Lennon and, I suspect, but I do agree and wouldn't mind betting their music will last longer than most contemporary classical stuff.


----------



## waldvogel (Jul 10, 2011)

I'm partial to Mr. G.


----------



## hpowders (Dec 23, 2013)

I have no idea what this thread title is supposed to be prying out of me. 

"Tunes" to me conjures up casual popular music. I don't use that word to describe the memorable melodies of the great composers.

So, given that background, for me it's Simon & Garfunkel.


----------



## Judith (Nov 11, 2015)

Eric Coates comes to my mind when thinking of tunes!

Sorry, I didn't realise the thread is who wrote the most tunes.


----------



## isorhythm (Jan 2, 2015)

Lennon/McCartney?
Smokey Robinson?

Probably no one classical.


----------



## Pugg (Aug 8, 2014)

isorhythm said:


> Lennon/McCartney?
> Smokey Robinson?
> 
> Probably no one classical.


You can always open your own thread about non classical tunes.


----------



## pcnog11 (Nov 14, 2016)

Bee Gees? The Gibbs has a huge impact on pop music. What do you think, did they just 'started a joke'?


----------



## bharbeke (Mar 4, 2013)

Just from the ballet clips alone, I'd say T, but it depends on who "we" are.


----------



## TwoFlutesOneTrumpet (Aug 31, 2011)

hpowders said:


> I have no idea what this thread title is supposed to be prying out of me.
> 
> "Tunes" to me conjures up casual popular music. I don't use that word to describe the memorable melodies of the great composers.
> 
> So, given that background, for me it's Simon & Garfunkel.


S & G is a great choice.


----------



## CypressWillow (Apr 2, 2013)

I think it might be Borodin: several of his beautiful themes were used as the basis for 'popular' tunes in the musical Kismet.


----------



## hpowders (Dec 23, 2013)

pcnog11 said:


> Bee Gees? The Gibbs has a huge impact on pop music. What do you think, did they just 'started a joke'?


Heh! Heh!

I used to get down with them. A wholesome-sounding group!


----------



## hpowders (Dec 23, 2013)

TwoFlutesOneTrumpet said:


> S & G is a great choice.


Thank you!

I grew up with their music. So many memories....The Boxer, Mrs. Robinson etc;

Two kids from NYC....like me!


----------



## Manxfeeder (Oct 19, 2010)

bharbeke said:


> Just from the ballet clips alone, I'd say T, but it depends on who "we" are.
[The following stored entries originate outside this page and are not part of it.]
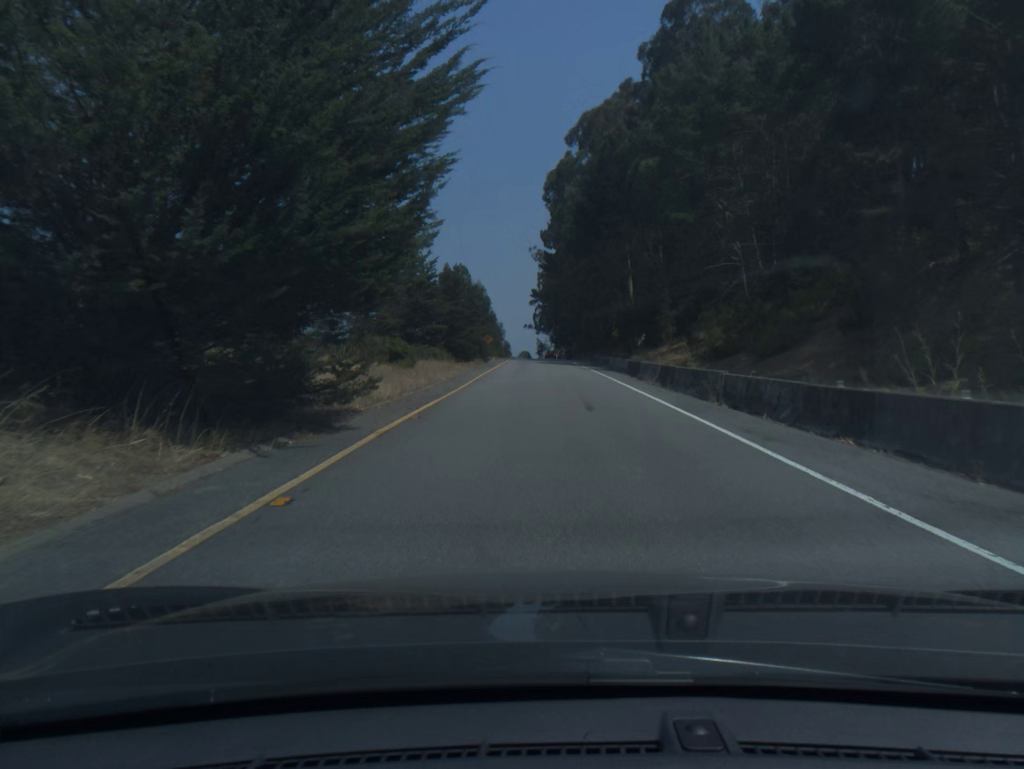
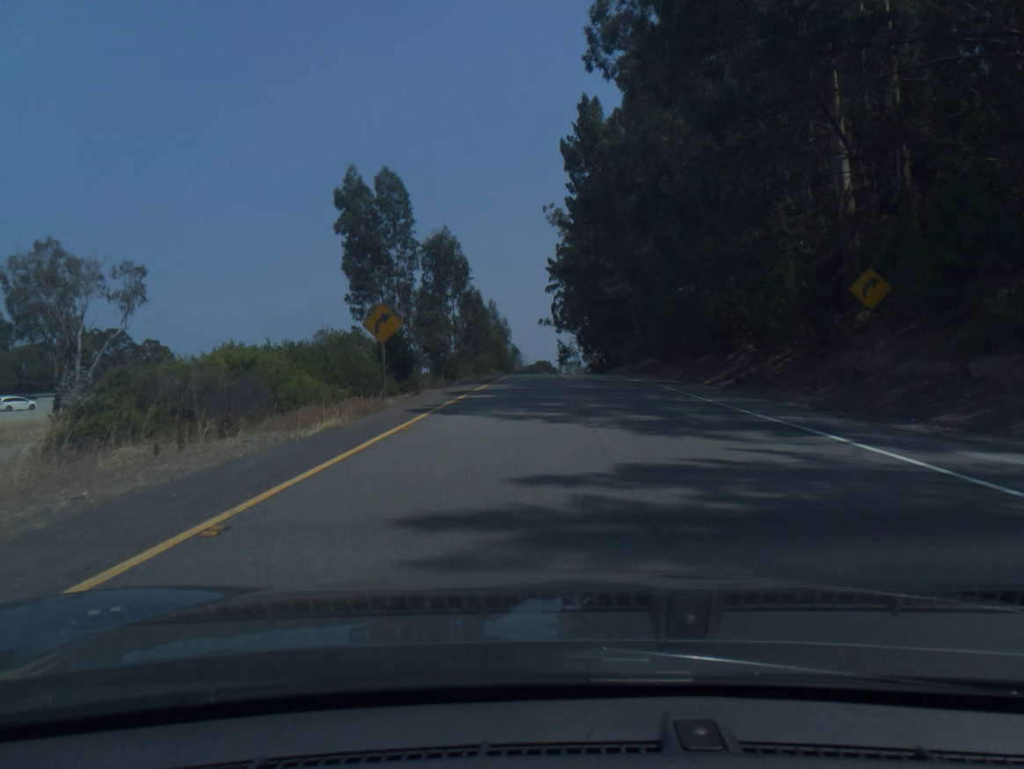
(-1.0, +66.8) m; -2°
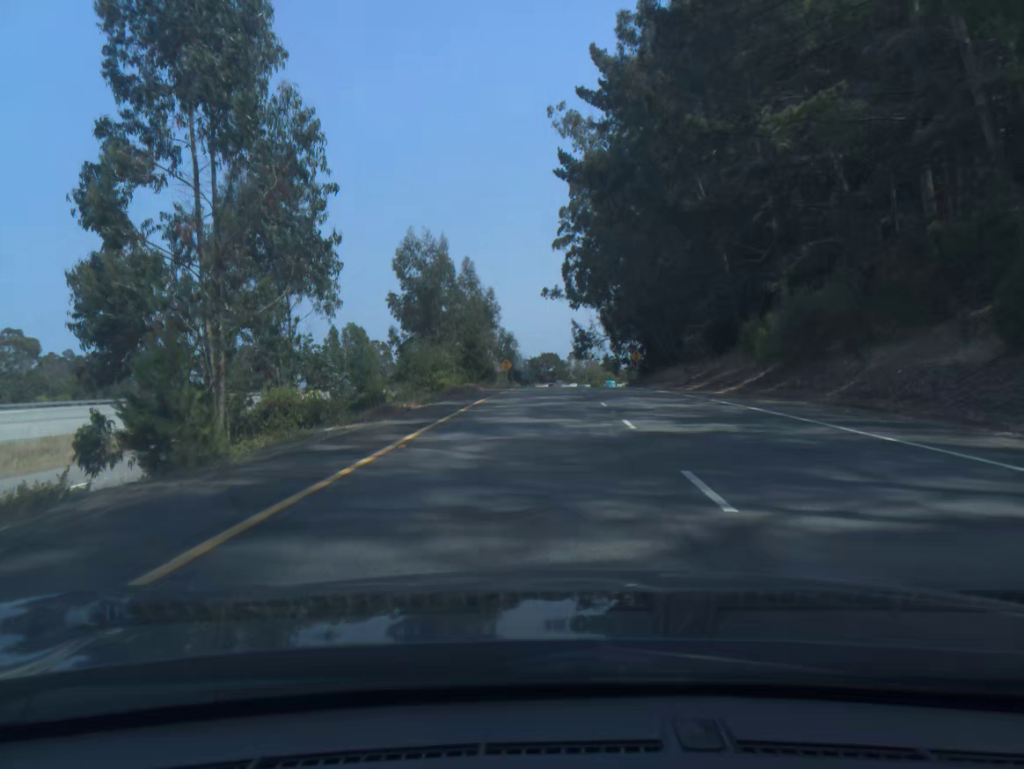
(-0.2, +53.1) m; -1°
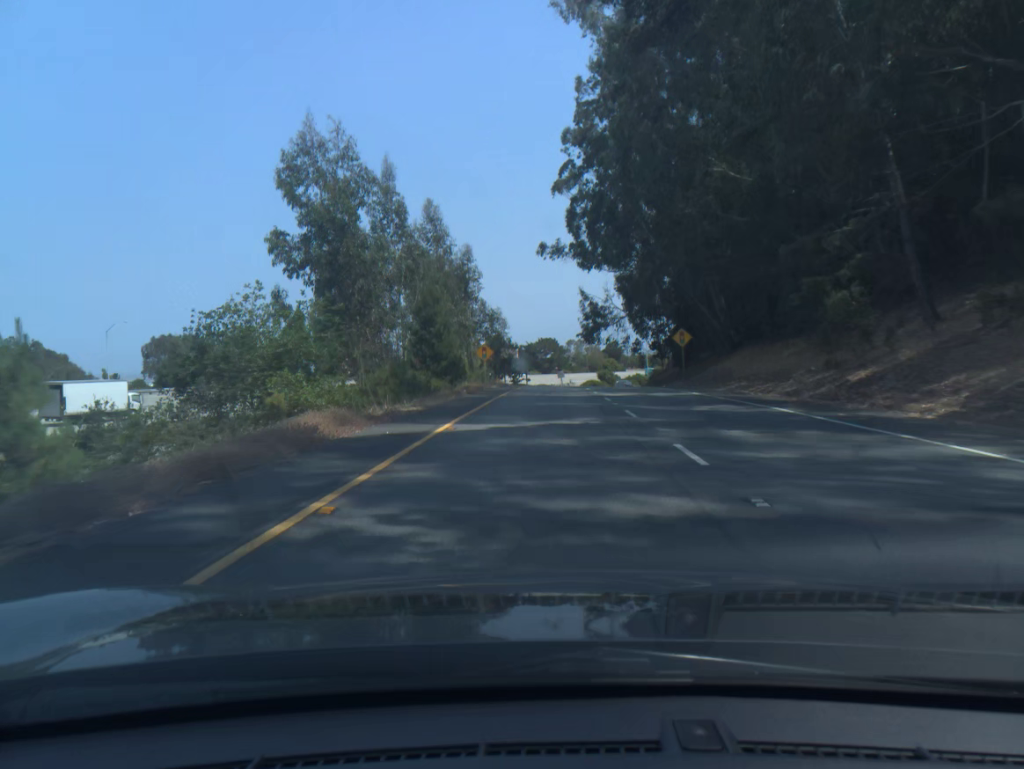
(0.0, +26.8) m; 0°
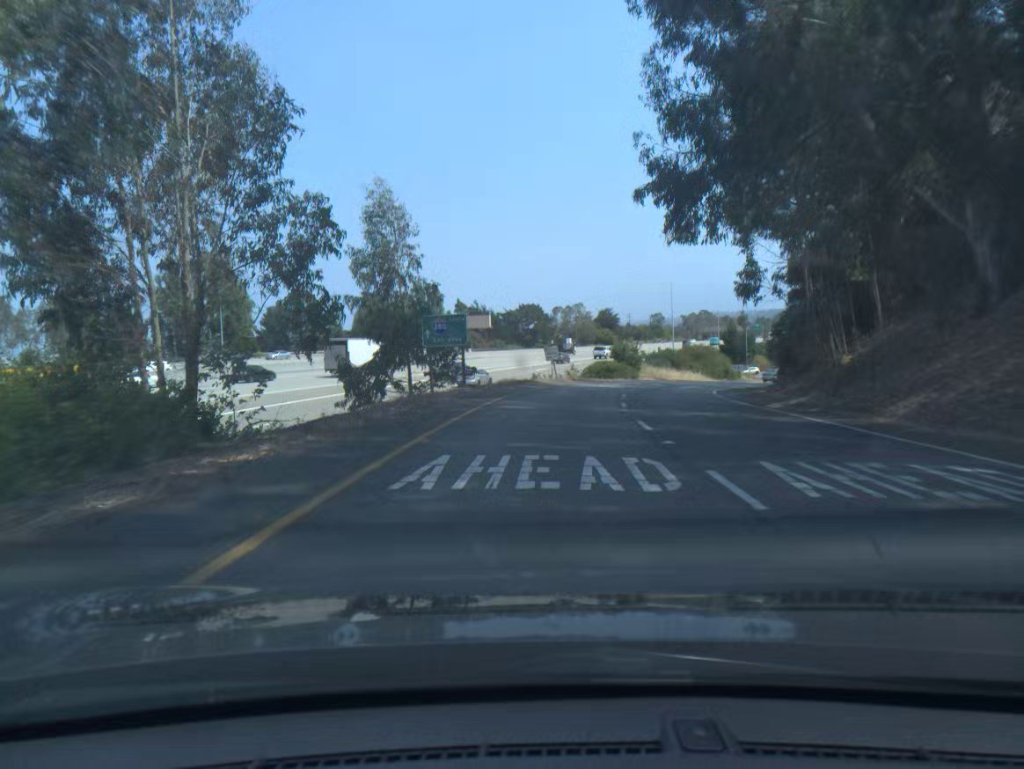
(+0.7, +54.2) m; +1°
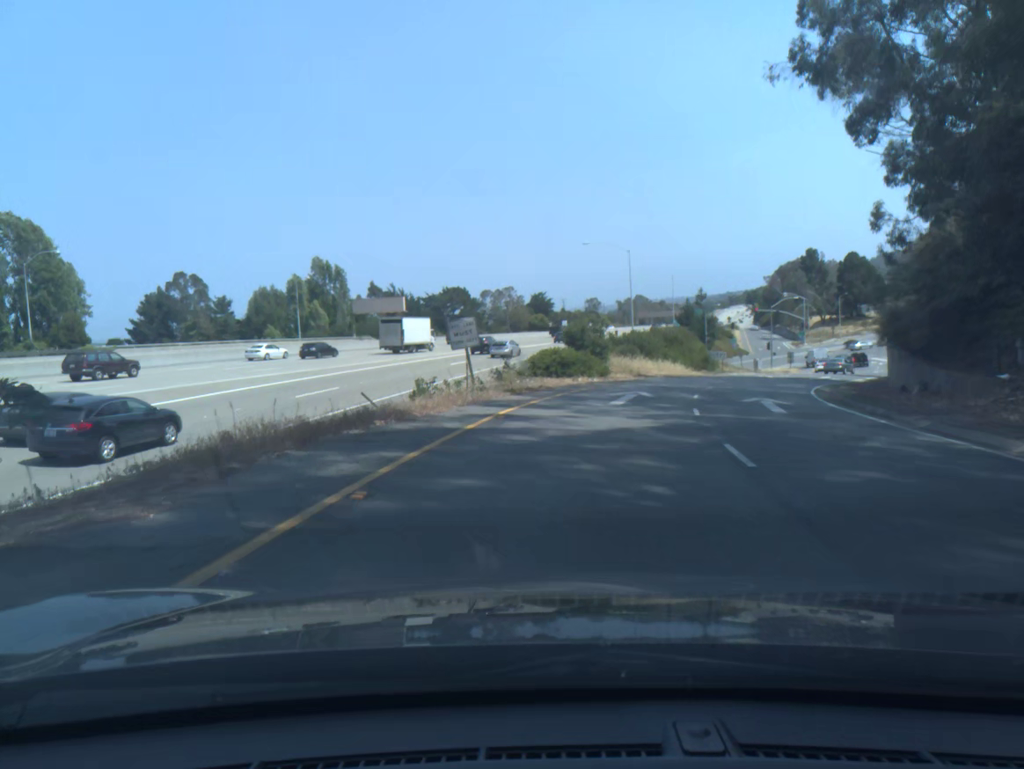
(+0.8, +27.0) m; +5°
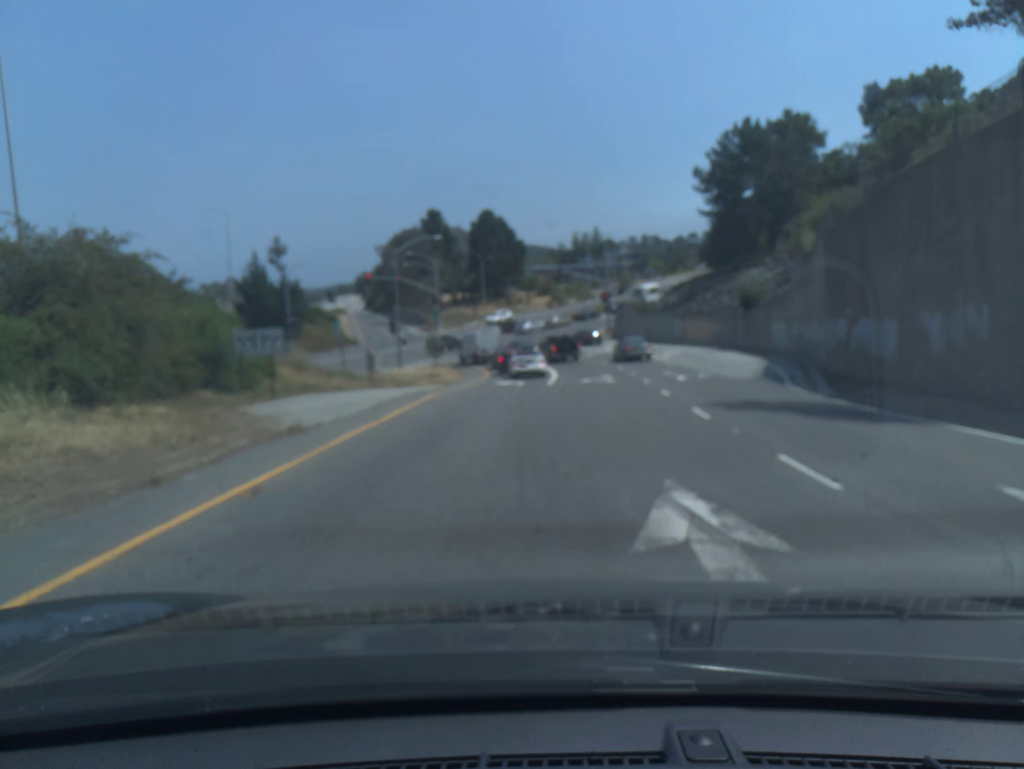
(+14.2, +55.8) m; +26°

I was thinking of T also. He's produced many ubiquitous tunes, including the one from R&J.


----------



## TwoFlutesOneTrumpet (Aug 31, 2011)

hpowders said:


> Thank you!
> 
> I grew up with their music. So many memories....The Boxer, Mrs. Robinson etc;
> 
> Two kids from NYC....like me!


I didn't grow up with their music but I love it anyway. Sound of silence is one of my all-time favorite songs.


----------



## Strange Magic (Sep 14, 2015)

TwoFlutesOneTrumpet said:


> S & G is a great choice.


Don't forget G & S: "I polished up the handles so carefully....."


----------



## hpowders (Dec 23, 2013)

Strange Magic said:


> Don't forget G & S: "I polished up the handles so carefully....."


They were right on target with that one. The very definition of ineptitude.....now, Washington DC.


----------



## starthrower (Dec 11, 2010)

Depends on the "we" you are referring to. For my generation it would be The Who, Beatles, Stones, Stevie Wonder. My parents generation would probably cite Cole Porter, the Gershwins, Irving Berlin, Duke Ellington, Leonard Bernstein.

Classical music? Mendelssohn,Tchaikovsky, Rachmaninov, Chopin.


----------



## Blancrocher (Jul 6, 2013)

Chuck Jones, maybe.


----------



## Kjetil Heggelund (Jan 4, 2016)

But why? Every day is to enjoy. We can hear a different tune each new day. 
Why? (from Berio's sequenza)


----------



## Five and Dime (Jul 8, 2016)

Gabriel Faure
Gabriel Faure
Gabriel Faure


----------



## jailhouse (Sep 2, 2016)

today its the army of producers and ghostwriters who wrote those ****** songs by "The Weeknd" and "Drake"


----------



## pcnog11 (Nov 14, 2016)

hpowders said:


> Thank you!
> 
> I grew up with their music. So many memories....The Boxer, Mrs. Robinson etc;
> 
> Two kids from NYC....like me!


Bridge Over Troubled Waters


----------